My primary key is uuid - an MD5 hash of the article title.

Checking if an article exists in the db to filter the batch is kinda inefficient.

Is it a DB level way in Postgresql to ignore the attempts of inserting a duplicate uuid without returning an Error?


Solution

  • Solution

    You could insert using the WHERE NOT EXISTS clause.

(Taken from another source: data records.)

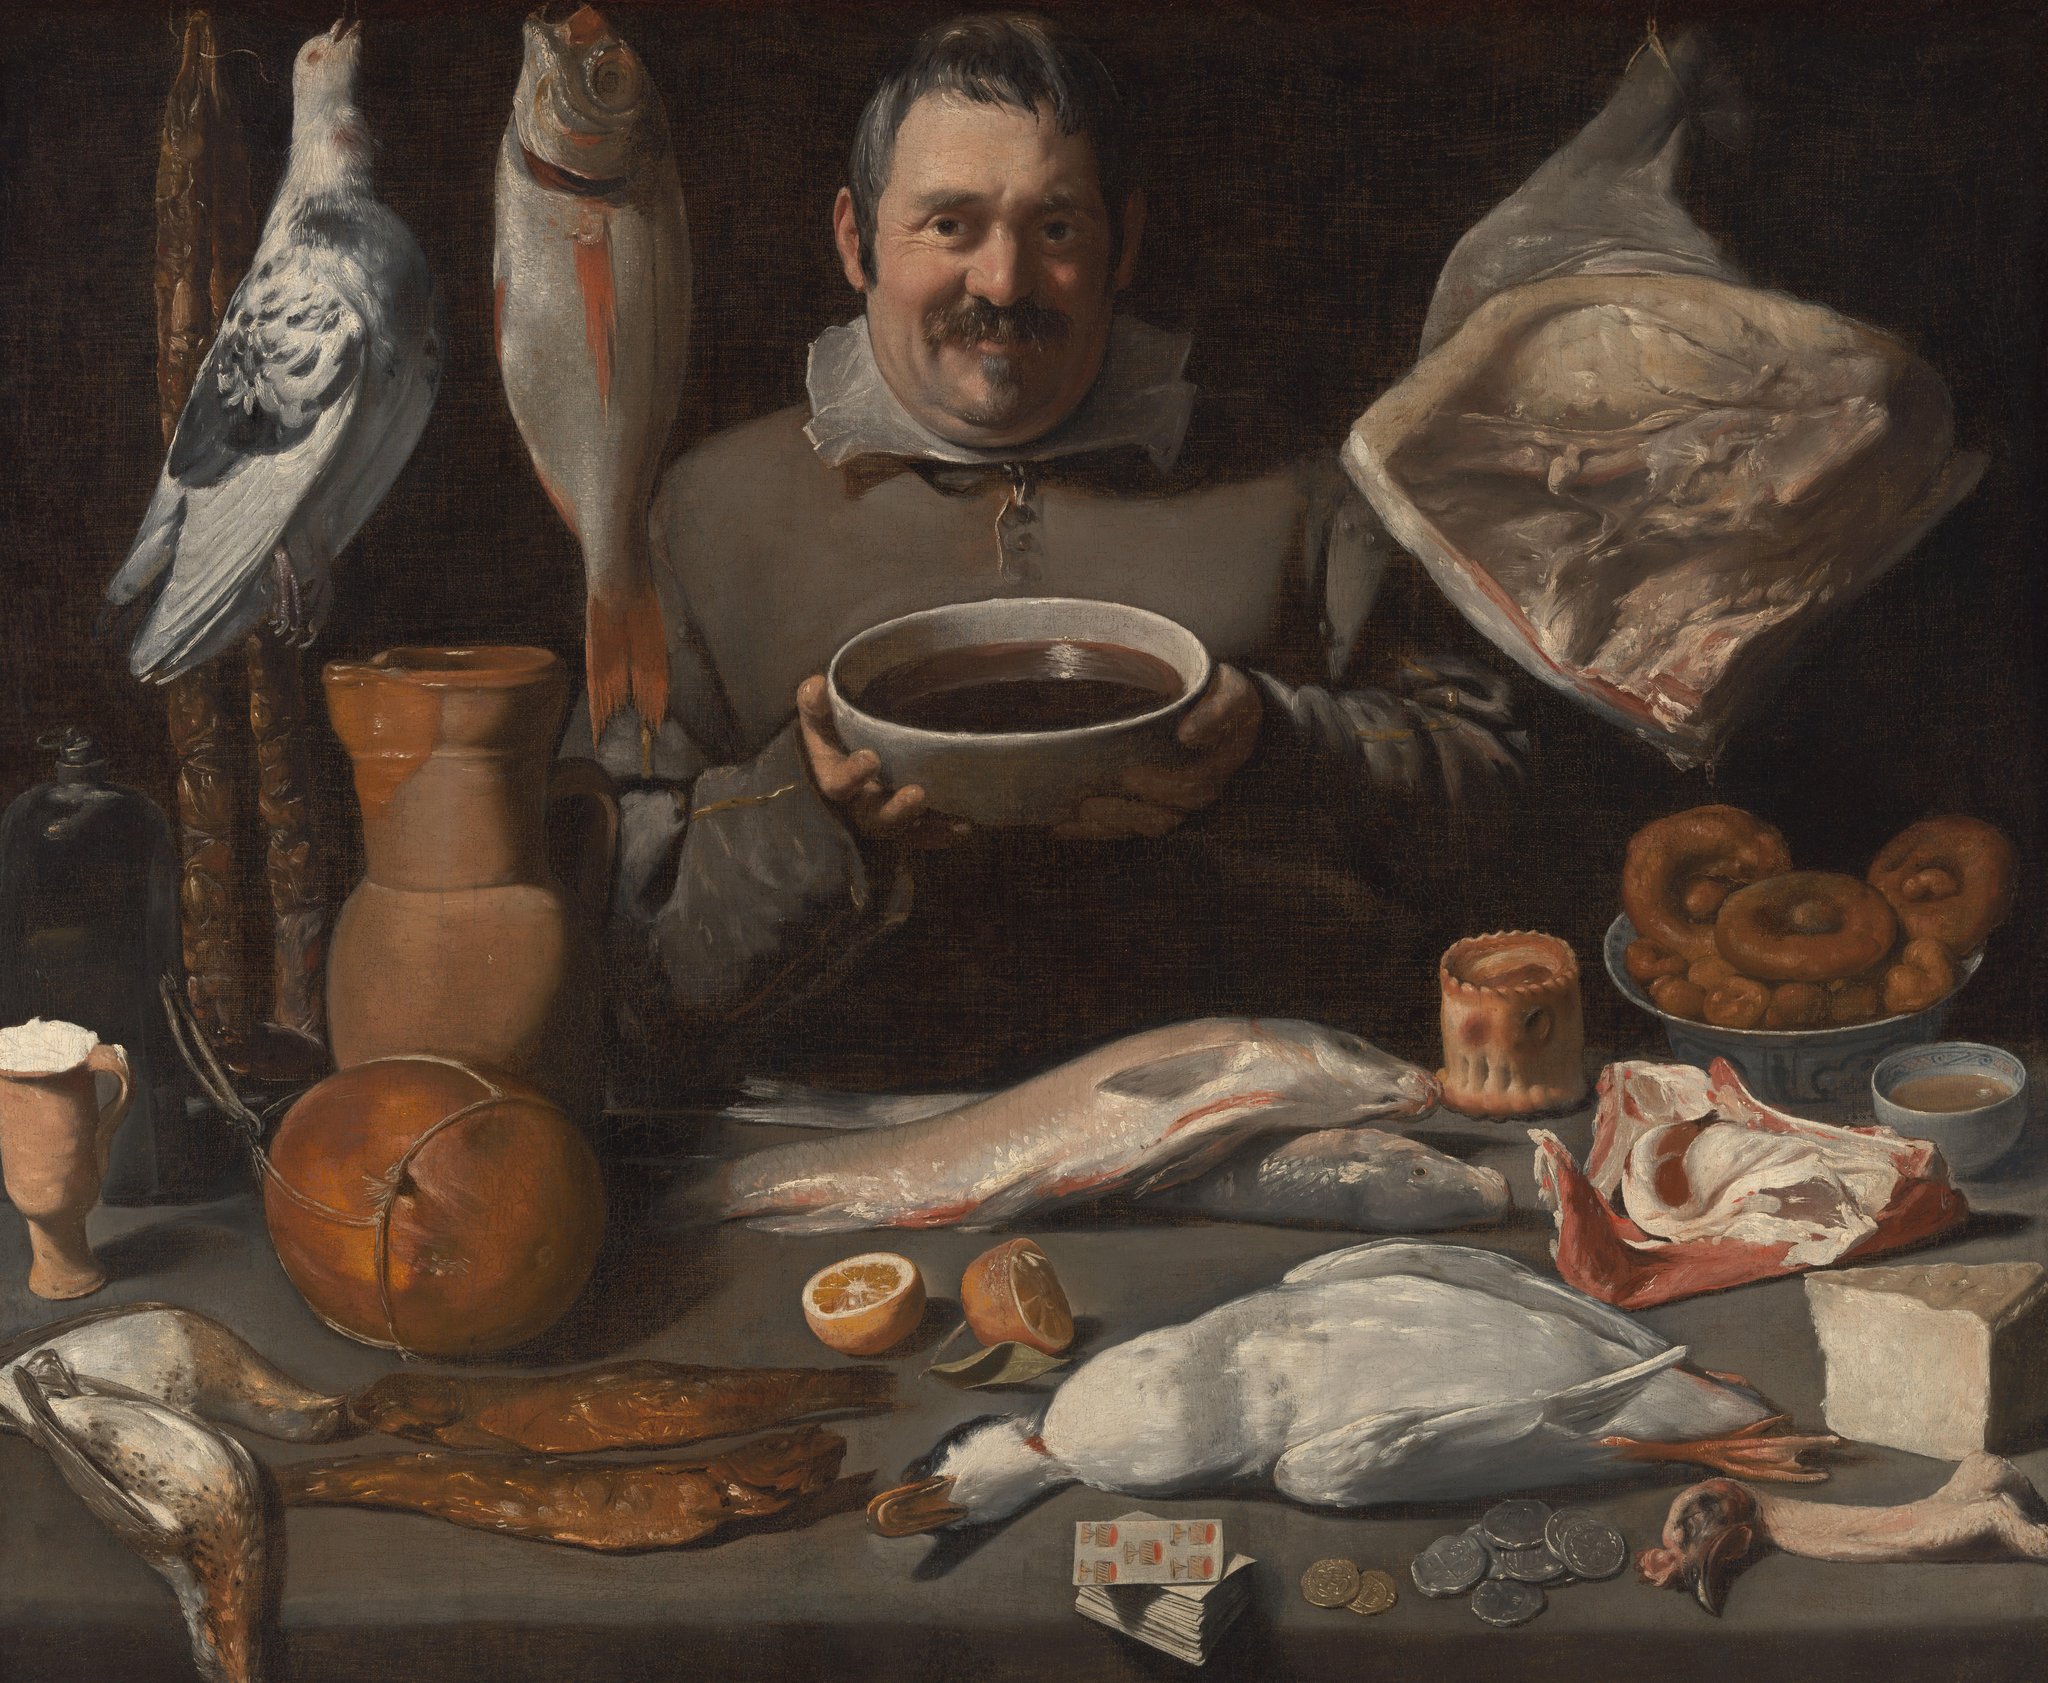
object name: painting
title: Kitchen Scene
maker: meester van de amsterdamse bodegón
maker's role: painter
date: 1610-1625
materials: canvas, oil
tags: foodstuffs; still life of foodstuffs, kitchen-interior with foodstuffs in foreground (dutch: 'keukenstuk')
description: The appreciation of everyday objects was reinforced by the ever-increasing role that realism began to play in 17th-century art. Glass, porcelain, silver, the texture of fruit, dead animals, hanging or lying on a table: all of these elements were readily found in domestic surroundings and represented a veritable challenge by means of which painters could convince the public of their artistic merits.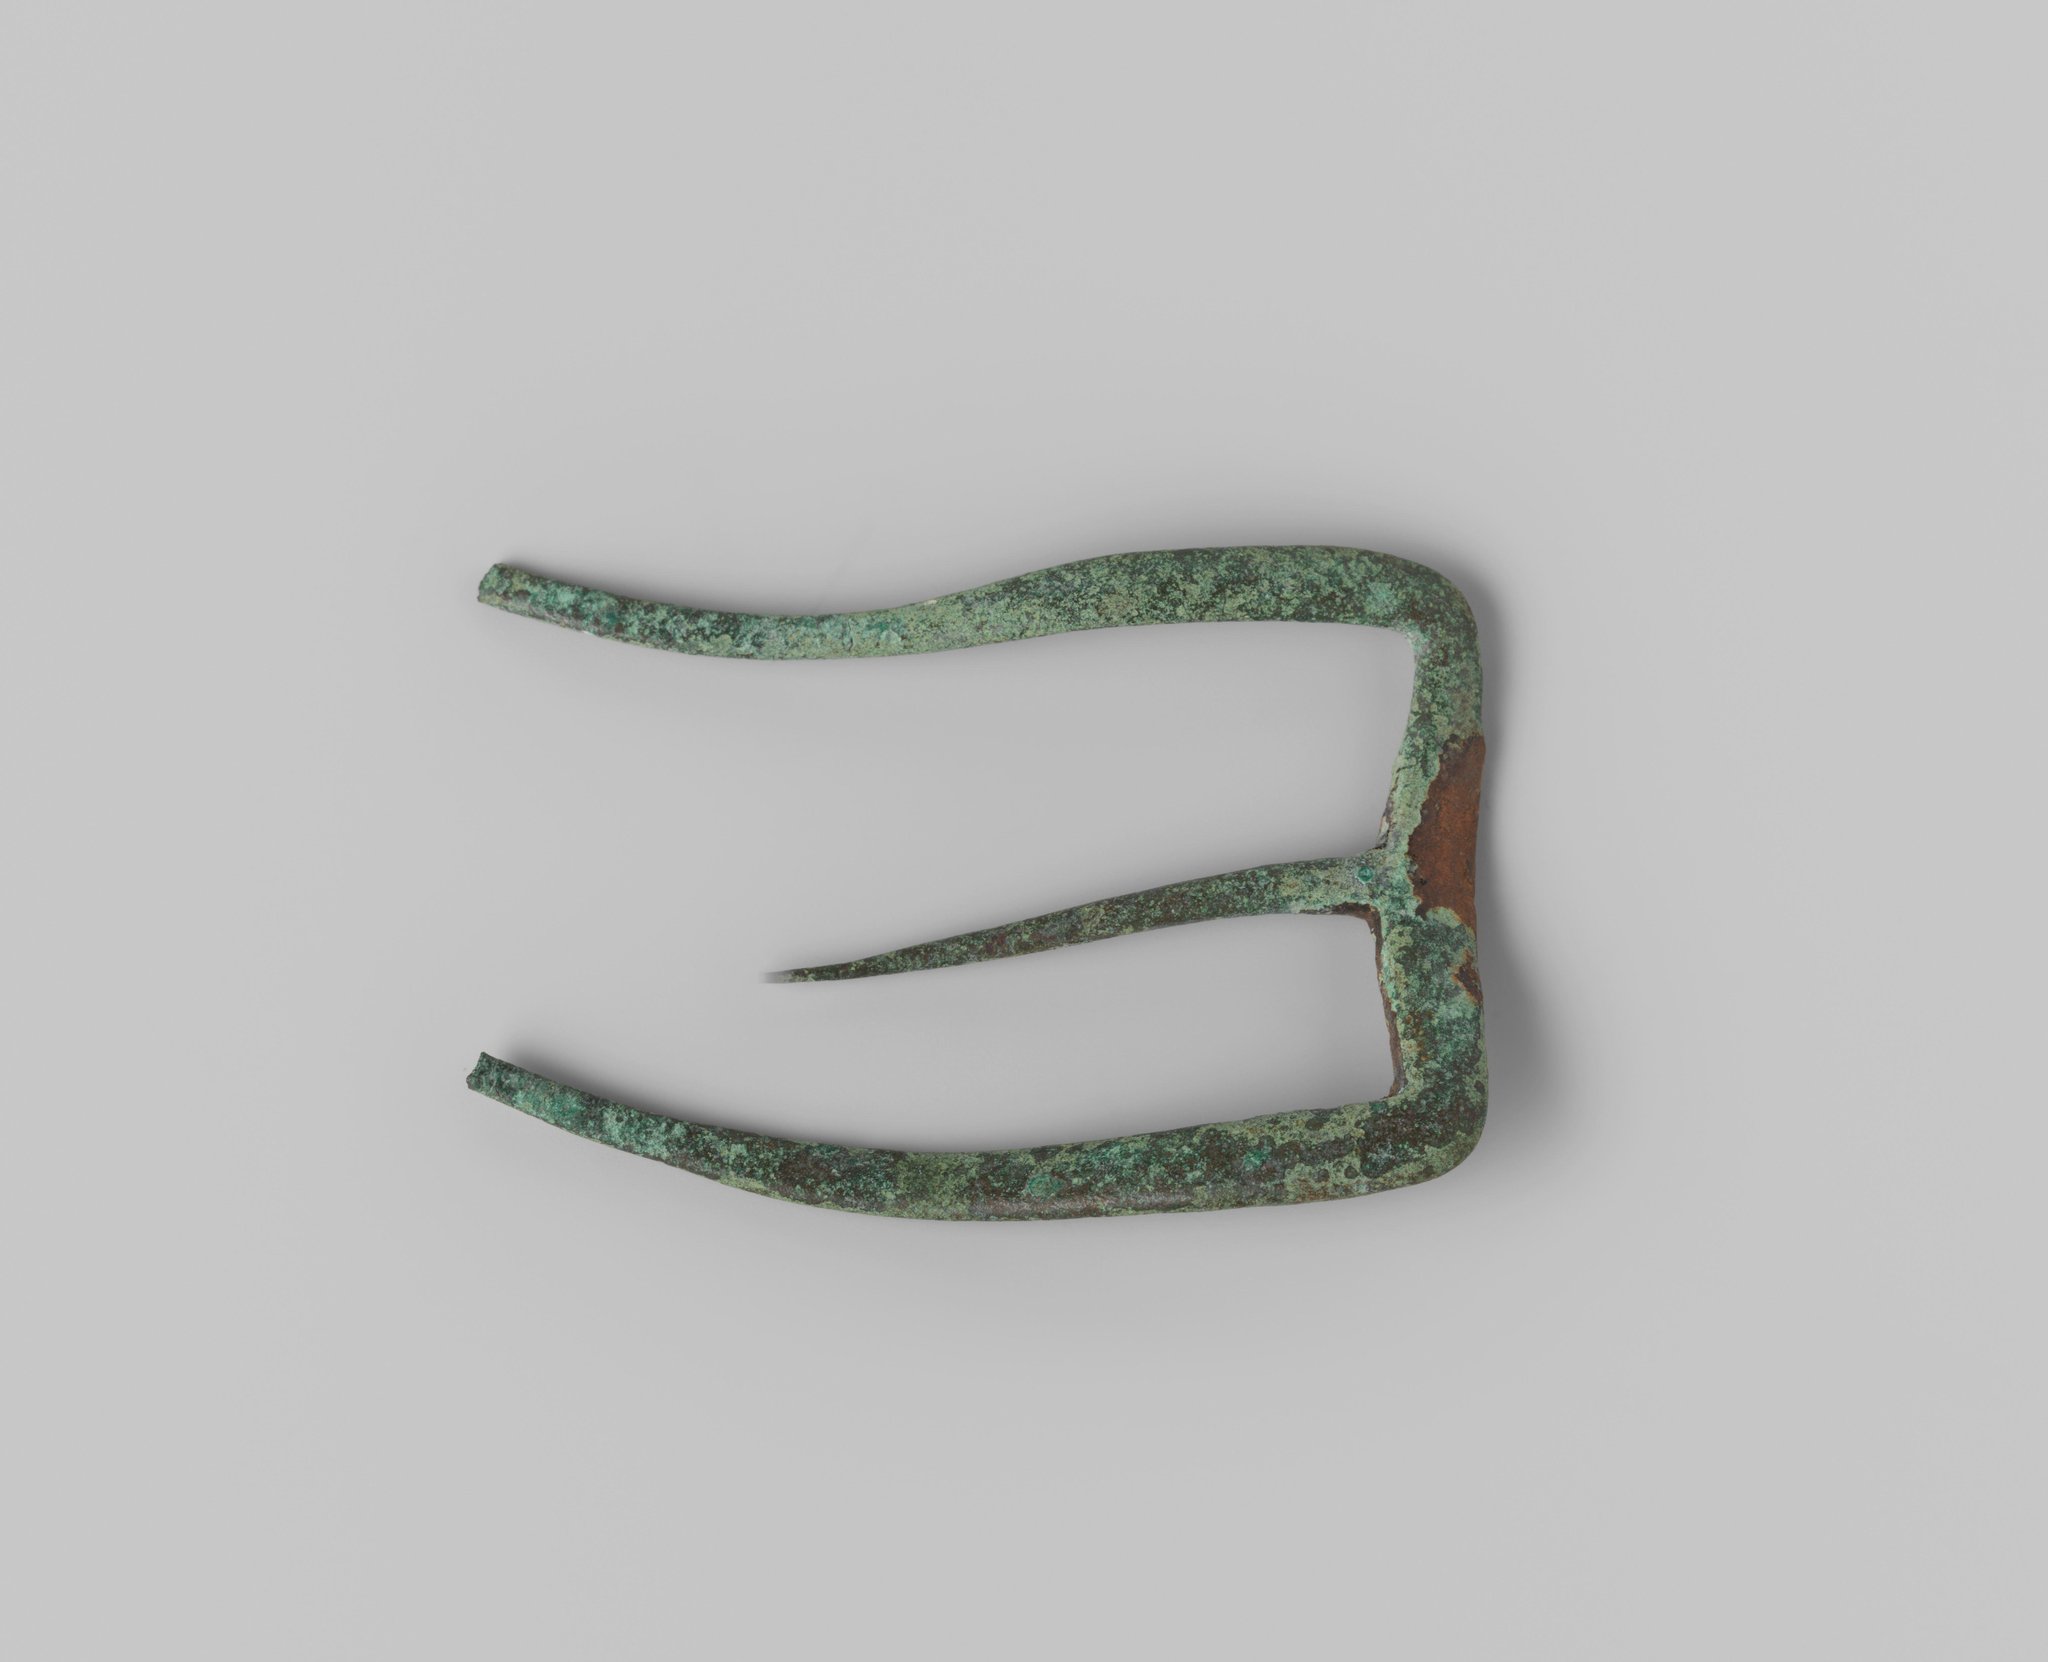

    For example, consider a test table with a numeric id as primary key and a textual name.

    Code

    db=> CREATE TABLE test(id BIGSERIAL PRIMARY KEY, name TEXT);
    CREATE TABLE
    
    -- Insertion will work - empty table
    db=> INSERT INTO test(id, name) 
         SELECT 1, 'Partner number 1' 
         WHERE NOT EXISTS (SELECT 1,2 FROM test WHERE id=1);
    INSERT 0 1
    
    -- Insertion will NOT work - duplicate id
    db=> INSERT INTO test(id, name) 
         SELECT 1, 'Partner number 1' 
         WHERE NOT EXISTS (SELECT 1,2 FROM test WHERE id=1);    
    INSERT 0 0
    
    -- After two insertions, the table contains only one row
    db=> SELECT * FROM test;
     id |       name
    ----+------------------
      1 | Partner number 1
    (1 row)
    

    Difference from ON CONFLICT

    Quoting the documentation:

    ON CONFLICT can be used to specify an alternative action to raising a unique constraint or exclusion constraint violation error.

    The action can be DO NOTHING, or a DO UPDATE. The second approach is often referred to as Upsert - a portmanteau of Insert and Update.

    Technically WHERE NOT EXISTS is equivalent to ON CONFLICT DO NOTHING. See the query plans for a deeper dive.